Алракцитовое сердце. Том I - Годвер Екатерина 11 стр.


– Кончились их надобности, – хмыкнул один из мужиков: голова у него была перевязана белой тряпкой. Оружия, с виду, не было. – И ваши вскорь кончатся: за нами бергичевцы придут. Скоренько придут. Они такое с людьми творят, о чем тебе, дед, лучше не знать: спать не сможешь. Тебе б не на нас пасть разевать, а скарб собирать и топать отсель, столько топать, насколько силушки в ногах хватит.

– Ты пока иди домой, бать. Я попозже зайду: у меня тут дело еще, – сказал Кенек, в этот миг обманчиво похожий на себя-прежнего. Теми же словами он, случалось, отговаривался от отца, когда тот кликал его из лесу.

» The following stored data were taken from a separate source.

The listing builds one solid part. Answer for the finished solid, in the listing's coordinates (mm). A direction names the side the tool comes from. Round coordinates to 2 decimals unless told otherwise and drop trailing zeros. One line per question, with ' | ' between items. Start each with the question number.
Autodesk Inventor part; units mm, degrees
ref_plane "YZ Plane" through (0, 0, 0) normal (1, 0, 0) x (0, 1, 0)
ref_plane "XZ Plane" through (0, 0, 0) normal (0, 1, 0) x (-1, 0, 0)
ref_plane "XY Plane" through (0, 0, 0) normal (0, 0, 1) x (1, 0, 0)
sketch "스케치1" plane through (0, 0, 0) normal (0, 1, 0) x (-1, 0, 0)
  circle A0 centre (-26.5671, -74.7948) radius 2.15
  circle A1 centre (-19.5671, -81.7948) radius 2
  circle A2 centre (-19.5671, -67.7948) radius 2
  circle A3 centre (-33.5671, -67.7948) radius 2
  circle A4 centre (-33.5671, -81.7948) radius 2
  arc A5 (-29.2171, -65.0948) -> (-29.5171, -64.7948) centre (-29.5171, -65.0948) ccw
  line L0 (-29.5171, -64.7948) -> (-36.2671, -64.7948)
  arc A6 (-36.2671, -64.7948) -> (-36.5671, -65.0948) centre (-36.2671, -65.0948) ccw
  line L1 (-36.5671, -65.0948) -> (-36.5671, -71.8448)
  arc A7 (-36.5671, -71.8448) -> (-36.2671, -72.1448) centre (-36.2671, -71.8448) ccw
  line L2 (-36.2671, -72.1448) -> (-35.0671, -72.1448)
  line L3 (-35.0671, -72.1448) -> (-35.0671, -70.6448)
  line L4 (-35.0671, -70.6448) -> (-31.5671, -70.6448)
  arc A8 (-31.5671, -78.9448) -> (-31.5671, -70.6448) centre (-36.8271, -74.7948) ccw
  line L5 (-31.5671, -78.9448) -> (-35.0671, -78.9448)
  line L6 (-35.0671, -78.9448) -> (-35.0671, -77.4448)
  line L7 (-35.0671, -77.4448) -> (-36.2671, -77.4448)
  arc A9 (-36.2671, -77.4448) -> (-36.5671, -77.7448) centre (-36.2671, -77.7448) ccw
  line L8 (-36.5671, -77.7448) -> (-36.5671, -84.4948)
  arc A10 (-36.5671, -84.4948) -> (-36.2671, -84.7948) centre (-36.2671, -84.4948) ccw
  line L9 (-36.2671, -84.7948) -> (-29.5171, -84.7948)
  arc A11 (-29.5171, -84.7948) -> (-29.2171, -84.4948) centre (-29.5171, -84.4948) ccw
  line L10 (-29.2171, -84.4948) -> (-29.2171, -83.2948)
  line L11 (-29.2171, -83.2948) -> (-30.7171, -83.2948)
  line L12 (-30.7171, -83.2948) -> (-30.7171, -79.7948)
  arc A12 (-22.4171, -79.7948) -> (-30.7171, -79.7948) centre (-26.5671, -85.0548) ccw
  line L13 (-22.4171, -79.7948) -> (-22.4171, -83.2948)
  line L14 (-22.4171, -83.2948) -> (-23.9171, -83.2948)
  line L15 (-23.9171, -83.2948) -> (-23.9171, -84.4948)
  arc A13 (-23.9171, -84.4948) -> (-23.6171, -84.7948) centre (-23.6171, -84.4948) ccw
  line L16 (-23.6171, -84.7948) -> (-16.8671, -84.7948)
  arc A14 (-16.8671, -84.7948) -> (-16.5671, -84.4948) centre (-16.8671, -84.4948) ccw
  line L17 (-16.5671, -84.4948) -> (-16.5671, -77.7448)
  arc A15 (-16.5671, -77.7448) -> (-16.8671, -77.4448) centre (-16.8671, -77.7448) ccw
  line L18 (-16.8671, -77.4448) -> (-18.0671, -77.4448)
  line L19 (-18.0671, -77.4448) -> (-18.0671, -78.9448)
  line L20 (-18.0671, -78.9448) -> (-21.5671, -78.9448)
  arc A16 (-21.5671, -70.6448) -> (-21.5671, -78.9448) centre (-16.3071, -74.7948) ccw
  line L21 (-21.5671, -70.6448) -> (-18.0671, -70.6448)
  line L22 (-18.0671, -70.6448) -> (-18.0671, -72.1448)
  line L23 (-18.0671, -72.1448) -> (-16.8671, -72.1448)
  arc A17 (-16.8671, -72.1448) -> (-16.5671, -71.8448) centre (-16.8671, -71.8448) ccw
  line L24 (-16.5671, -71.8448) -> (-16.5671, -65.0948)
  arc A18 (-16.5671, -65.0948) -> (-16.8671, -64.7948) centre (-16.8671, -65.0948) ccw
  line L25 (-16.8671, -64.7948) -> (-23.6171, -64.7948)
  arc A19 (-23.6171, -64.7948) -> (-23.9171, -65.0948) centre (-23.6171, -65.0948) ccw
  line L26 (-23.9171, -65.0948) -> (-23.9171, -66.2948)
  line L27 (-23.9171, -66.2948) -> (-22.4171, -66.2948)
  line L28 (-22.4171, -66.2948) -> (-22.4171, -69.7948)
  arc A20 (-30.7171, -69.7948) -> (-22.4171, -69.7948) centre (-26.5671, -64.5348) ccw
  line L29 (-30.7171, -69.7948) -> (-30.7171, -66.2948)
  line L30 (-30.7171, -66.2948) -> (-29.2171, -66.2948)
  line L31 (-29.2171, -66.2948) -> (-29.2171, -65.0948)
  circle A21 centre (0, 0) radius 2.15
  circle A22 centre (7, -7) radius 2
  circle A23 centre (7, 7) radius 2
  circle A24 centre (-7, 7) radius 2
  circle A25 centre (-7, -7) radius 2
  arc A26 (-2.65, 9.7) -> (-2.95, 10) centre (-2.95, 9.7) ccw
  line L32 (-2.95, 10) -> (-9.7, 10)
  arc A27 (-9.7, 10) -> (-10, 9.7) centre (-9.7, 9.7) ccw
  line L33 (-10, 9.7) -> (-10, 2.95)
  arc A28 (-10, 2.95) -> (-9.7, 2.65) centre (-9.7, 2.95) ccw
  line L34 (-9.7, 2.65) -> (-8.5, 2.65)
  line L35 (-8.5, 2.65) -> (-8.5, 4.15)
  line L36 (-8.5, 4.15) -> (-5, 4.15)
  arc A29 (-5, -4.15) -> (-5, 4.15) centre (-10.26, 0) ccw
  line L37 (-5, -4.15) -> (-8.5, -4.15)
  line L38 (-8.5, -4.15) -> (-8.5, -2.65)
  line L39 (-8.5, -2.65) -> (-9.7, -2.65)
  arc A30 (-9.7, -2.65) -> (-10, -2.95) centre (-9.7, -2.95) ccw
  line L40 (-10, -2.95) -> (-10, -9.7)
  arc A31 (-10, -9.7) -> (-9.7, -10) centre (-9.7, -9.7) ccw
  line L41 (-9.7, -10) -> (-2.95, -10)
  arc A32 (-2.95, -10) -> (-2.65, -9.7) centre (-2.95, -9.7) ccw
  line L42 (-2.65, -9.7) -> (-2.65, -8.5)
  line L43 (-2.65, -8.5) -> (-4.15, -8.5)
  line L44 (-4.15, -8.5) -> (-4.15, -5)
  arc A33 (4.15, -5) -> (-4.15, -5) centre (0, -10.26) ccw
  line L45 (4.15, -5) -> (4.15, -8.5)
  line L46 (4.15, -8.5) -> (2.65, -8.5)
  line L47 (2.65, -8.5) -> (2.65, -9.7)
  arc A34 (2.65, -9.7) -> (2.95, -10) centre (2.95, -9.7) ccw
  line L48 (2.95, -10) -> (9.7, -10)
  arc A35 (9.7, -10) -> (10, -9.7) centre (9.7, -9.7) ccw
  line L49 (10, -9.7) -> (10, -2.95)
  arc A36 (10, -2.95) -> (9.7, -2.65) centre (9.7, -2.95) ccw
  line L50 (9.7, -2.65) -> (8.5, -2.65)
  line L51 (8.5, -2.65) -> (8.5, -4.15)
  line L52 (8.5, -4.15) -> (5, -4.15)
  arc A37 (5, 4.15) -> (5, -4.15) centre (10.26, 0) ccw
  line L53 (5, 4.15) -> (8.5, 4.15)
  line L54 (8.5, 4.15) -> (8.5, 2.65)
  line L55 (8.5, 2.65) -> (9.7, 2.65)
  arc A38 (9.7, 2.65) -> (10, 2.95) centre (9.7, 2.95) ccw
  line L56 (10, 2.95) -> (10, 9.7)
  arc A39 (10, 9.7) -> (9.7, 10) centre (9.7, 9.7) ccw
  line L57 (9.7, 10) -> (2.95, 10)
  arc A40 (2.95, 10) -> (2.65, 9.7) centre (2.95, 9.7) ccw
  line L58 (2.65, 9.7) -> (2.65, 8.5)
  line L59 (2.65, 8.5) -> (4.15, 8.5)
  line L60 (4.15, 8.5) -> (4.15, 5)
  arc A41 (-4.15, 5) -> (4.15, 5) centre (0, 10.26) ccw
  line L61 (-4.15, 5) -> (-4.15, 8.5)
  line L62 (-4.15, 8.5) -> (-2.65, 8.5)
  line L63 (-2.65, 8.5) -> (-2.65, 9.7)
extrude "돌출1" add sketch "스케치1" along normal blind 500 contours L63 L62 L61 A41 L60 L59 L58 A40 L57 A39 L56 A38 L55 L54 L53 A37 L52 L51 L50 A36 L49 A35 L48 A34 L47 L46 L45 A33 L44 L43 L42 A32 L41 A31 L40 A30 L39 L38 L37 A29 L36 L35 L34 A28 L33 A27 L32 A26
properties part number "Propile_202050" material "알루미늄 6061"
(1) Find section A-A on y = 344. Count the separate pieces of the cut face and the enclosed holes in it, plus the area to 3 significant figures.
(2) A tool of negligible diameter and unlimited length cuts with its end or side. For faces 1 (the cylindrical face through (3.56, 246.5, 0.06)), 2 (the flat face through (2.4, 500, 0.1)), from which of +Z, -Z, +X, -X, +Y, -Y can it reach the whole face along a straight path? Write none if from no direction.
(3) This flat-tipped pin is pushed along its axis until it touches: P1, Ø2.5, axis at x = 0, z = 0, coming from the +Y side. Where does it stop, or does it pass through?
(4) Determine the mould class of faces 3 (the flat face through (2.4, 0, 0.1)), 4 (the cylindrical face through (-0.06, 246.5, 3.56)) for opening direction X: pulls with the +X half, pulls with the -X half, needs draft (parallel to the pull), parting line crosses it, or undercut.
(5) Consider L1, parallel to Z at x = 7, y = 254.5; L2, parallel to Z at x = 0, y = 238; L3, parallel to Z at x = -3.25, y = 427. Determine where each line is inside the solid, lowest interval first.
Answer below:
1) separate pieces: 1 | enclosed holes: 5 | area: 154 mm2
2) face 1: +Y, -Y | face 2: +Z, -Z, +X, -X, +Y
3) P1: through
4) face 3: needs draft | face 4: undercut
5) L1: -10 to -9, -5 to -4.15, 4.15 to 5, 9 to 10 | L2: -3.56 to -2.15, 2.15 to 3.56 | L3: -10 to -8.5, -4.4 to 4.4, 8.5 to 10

– Да-да, топай, дед, – снова встрял мужик с перевязанной головой. – А то сержантова жена состариться успеет, пока мы тут с тобой.

– Мы уж устали гадать, так ли она хороша, как он баял, – вклинился второй. Из одежды на нем были только драные штаны и куртка на голое тело, а к дулу ружья прикреплен длинный штык. – И эта, вторая, как бишь ее там…

– Вторая – моя. Забыл уговор? – прорычал Кенек.

– Помним, помним, Кен. – Мужчина с перевязанной головой примирительно поднял руку. – Но ты не томи, не задерживай.

Когда внучку Киана вталкивали во вскрытый дом Химжичей, дверь широко распахнулась, и крик стал громче – всего на миг, но достаточно, чтобы можно было узнать голос младшей сестры Солши, Талимы Свирки.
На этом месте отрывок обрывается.